====== Data records

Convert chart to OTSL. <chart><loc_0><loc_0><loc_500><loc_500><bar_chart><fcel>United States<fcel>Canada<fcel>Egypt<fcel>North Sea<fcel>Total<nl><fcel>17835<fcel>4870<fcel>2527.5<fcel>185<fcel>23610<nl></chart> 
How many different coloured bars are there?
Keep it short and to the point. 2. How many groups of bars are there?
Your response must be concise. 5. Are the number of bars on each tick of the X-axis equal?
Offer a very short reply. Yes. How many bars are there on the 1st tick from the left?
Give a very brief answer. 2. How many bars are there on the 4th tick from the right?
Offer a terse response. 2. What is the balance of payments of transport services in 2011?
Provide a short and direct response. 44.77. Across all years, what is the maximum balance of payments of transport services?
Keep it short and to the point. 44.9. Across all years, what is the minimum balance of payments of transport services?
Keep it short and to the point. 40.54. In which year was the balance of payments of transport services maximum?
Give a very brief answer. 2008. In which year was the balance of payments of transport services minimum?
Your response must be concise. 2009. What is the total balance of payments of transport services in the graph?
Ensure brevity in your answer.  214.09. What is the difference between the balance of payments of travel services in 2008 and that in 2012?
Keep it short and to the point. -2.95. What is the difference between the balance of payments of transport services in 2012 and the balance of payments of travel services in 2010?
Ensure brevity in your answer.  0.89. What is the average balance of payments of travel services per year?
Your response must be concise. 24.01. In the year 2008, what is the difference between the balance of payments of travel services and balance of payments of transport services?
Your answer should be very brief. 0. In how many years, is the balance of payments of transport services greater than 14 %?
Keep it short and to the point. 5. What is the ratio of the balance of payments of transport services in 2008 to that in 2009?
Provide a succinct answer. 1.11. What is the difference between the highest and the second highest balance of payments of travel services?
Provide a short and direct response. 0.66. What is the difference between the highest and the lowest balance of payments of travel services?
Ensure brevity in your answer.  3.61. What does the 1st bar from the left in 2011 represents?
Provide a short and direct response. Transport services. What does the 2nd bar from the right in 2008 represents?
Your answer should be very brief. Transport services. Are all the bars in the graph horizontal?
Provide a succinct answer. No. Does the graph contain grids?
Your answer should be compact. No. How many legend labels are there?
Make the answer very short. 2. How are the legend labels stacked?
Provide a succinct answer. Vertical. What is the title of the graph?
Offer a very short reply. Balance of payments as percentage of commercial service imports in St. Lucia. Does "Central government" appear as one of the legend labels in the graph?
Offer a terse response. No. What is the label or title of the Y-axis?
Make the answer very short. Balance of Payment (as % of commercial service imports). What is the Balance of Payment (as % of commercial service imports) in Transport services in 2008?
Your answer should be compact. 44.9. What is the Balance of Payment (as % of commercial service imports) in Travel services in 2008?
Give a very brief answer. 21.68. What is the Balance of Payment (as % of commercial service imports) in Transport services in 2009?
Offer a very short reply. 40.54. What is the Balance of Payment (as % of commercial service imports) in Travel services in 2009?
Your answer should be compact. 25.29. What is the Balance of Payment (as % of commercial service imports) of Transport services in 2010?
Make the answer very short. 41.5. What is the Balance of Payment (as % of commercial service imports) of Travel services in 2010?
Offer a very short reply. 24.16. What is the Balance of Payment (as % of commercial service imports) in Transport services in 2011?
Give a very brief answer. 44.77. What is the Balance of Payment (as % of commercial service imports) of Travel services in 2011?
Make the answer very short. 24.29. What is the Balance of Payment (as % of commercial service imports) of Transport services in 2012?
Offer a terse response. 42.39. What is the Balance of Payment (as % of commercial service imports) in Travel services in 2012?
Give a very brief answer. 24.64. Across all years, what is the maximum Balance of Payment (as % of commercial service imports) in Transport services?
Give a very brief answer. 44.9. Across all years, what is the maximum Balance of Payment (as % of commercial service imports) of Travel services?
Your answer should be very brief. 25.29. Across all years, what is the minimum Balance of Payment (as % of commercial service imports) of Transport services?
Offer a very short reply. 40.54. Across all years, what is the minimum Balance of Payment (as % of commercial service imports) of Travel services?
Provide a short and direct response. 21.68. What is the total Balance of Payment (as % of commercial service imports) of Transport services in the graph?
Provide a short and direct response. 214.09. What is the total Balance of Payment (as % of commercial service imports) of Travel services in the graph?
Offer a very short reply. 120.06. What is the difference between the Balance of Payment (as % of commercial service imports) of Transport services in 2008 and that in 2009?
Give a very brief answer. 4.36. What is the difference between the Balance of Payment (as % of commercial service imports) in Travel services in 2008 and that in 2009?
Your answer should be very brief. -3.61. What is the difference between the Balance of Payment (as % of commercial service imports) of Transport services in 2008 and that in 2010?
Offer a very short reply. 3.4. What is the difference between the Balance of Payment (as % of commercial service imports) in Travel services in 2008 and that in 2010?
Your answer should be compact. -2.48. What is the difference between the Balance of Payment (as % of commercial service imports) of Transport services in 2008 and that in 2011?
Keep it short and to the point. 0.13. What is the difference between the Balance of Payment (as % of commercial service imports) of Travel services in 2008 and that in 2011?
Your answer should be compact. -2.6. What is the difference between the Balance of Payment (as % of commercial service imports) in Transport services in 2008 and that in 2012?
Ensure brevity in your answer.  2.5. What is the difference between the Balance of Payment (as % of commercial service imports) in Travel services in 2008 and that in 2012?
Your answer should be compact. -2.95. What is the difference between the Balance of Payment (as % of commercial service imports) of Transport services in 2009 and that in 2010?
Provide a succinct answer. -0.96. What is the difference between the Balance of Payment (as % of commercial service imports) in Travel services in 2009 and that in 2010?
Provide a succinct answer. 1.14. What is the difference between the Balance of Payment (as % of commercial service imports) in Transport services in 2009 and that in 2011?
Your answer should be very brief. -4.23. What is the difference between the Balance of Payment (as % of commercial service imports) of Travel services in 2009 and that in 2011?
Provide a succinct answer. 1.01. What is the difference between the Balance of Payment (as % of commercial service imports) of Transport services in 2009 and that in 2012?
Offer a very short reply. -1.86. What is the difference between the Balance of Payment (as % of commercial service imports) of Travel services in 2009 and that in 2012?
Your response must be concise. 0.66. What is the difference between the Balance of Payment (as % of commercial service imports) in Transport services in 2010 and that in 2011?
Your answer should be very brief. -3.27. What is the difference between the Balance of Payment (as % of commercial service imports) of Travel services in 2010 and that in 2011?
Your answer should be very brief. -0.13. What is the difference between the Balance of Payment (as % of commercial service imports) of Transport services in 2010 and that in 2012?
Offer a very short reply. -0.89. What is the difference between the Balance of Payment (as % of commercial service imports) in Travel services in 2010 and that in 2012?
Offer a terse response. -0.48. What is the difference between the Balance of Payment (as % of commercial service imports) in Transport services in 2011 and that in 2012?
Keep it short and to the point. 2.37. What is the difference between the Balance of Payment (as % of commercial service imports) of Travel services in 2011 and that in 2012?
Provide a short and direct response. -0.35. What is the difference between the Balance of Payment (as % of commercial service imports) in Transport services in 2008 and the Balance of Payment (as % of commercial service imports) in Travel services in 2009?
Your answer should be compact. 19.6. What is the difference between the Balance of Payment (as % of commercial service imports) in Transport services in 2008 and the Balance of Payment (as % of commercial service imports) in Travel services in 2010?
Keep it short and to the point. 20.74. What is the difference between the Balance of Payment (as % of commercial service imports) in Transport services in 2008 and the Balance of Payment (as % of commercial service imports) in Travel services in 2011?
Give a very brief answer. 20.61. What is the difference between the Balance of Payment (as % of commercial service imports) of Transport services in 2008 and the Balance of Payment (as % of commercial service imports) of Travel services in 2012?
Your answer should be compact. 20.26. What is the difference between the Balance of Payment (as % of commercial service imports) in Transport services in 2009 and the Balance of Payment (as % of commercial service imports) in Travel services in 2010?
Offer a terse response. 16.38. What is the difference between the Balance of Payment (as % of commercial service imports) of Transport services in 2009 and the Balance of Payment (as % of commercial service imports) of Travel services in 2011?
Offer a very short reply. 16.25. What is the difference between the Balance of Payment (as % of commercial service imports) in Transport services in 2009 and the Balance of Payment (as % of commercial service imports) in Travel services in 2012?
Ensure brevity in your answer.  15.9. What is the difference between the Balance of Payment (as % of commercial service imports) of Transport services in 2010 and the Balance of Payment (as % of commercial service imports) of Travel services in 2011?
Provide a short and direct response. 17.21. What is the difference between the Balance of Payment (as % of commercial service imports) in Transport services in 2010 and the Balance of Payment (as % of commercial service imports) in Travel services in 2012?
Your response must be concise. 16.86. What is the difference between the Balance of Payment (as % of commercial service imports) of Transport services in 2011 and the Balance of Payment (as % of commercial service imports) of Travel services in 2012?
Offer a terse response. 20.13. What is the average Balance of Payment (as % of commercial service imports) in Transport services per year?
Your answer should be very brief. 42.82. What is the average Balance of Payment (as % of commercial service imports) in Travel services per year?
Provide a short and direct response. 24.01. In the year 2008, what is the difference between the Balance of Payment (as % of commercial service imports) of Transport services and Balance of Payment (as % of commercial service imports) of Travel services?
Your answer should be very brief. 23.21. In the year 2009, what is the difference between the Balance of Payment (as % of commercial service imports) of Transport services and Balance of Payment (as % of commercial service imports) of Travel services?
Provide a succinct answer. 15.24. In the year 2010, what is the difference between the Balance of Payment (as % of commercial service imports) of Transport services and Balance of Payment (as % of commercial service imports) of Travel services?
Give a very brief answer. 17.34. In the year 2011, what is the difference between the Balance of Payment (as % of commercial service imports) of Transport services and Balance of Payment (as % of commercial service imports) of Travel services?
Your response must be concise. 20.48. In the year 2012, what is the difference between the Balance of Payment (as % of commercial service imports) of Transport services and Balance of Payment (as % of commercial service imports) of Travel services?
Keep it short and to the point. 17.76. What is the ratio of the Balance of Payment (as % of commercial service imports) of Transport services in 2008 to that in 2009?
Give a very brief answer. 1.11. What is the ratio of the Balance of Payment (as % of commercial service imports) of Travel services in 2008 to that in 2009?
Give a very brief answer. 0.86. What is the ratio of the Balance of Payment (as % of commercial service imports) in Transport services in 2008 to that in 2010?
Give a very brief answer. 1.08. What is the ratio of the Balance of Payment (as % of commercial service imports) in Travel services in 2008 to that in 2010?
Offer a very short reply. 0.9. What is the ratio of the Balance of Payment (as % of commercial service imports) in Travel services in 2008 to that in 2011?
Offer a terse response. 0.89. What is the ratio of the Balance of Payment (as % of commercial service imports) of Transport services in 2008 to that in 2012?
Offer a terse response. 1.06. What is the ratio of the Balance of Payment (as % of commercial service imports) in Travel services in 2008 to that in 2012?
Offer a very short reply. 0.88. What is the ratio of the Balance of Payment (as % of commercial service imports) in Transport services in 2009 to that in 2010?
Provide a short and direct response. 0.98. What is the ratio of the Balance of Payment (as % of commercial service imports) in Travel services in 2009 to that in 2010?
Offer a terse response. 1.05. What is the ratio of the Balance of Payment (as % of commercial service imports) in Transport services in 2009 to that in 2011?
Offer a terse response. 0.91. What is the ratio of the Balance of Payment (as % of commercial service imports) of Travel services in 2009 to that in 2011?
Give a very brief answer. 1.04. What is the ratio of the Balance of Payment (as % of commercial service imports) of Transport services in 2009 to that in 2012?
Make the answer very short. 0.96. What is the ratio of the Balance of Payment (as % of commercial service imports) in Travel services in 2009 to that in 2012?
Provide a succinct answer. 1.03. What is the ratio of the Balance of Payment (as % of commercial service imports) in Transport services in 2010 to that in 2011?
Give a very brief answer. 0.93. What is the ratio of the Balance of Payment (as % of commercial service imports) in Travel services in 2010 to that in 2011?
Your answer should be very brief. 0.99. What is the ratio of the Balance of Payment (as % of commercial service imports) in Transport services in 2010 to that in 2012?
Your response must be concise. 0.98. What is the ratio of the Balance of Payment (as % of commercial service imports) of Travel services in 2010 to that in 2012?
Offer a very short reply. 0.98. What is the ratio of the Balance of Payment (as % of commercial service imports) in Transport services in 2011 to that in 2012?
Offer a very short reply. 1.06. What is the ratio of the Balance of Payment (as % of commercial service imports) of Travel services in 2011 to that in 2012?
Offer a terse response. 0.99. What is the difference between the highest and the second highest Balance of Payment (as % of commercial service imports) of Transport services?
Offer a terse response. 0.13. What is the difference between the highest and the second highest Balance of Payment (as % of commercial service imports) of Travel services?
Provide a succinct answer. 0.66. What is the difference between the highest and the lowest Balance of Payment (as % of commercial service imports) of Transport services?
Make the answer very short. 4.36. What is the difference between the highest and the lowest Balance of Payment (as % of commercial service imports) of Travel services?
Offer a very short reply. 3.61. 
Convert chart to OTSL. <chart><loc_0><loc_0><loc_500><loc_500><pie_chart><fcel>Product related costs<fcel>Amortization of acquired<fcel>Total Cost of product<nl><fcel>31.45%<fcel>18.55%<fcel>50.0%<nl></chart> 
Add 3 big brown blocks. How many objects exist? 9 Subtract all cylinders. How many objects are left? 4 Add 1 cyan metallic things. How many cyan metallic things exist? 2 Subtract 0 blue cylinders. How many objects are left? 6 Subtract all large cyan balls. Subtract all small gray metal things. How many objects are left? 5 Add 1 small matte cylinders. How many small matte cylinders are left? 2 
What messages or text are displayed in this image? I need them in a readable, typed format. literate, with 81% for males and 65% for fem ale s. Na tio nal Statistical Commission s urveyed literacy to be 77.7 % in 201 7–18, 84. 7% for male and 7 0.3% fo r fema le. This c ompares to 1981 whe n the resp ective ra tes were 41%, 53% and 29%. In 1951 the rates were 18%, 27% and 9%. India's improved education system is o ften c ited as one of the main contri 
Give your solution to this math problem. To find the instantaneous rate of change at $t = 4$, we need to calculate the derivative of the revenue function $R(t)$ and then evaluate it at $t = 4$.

============

*Description of the task*:
Above this instruction are the records; retype exactly the lines from the one containing "Provide a short and direct response. 44.77." up to and including the one containing "Your answer should be very brief. 0. In".

*Your solution*:
Provide a short and direct response. 44.77. Across all years, what is the maximum balance of payments of transport services?
Keep it short and to the point. 44.9. Across all years, what is the minimum balance of payments of transport services?
Keep it short and to the point. 40.54. In which year was the balance of payments of transport services maximum?
Give a very brief answer. 2008. In which year was the balance of payments of transport services minimum?
Your response must be concise. 2009. What is the total balance of payments of transport services in the graph?
Ensure brevity in your answer.  214.09. What is the difference between the balance of payments of travel services in 2008 and that in 2012?
Keep it short and to the point. -2.95. What is the difference between the balance of payments of transport services in 2012 and the balance of payments of travel services in 2010?
Ensure brevity in your answer.  0.89. What is the average balance of payments of travel services per year?
Your response must be concise. 24.01. In the year 2008, what is the difference between the balance of payments of travel services and balance of payments of transport services?
Your answer should be very brief. 0. In how many years, is the balance of payments of transport services greater than 14 %?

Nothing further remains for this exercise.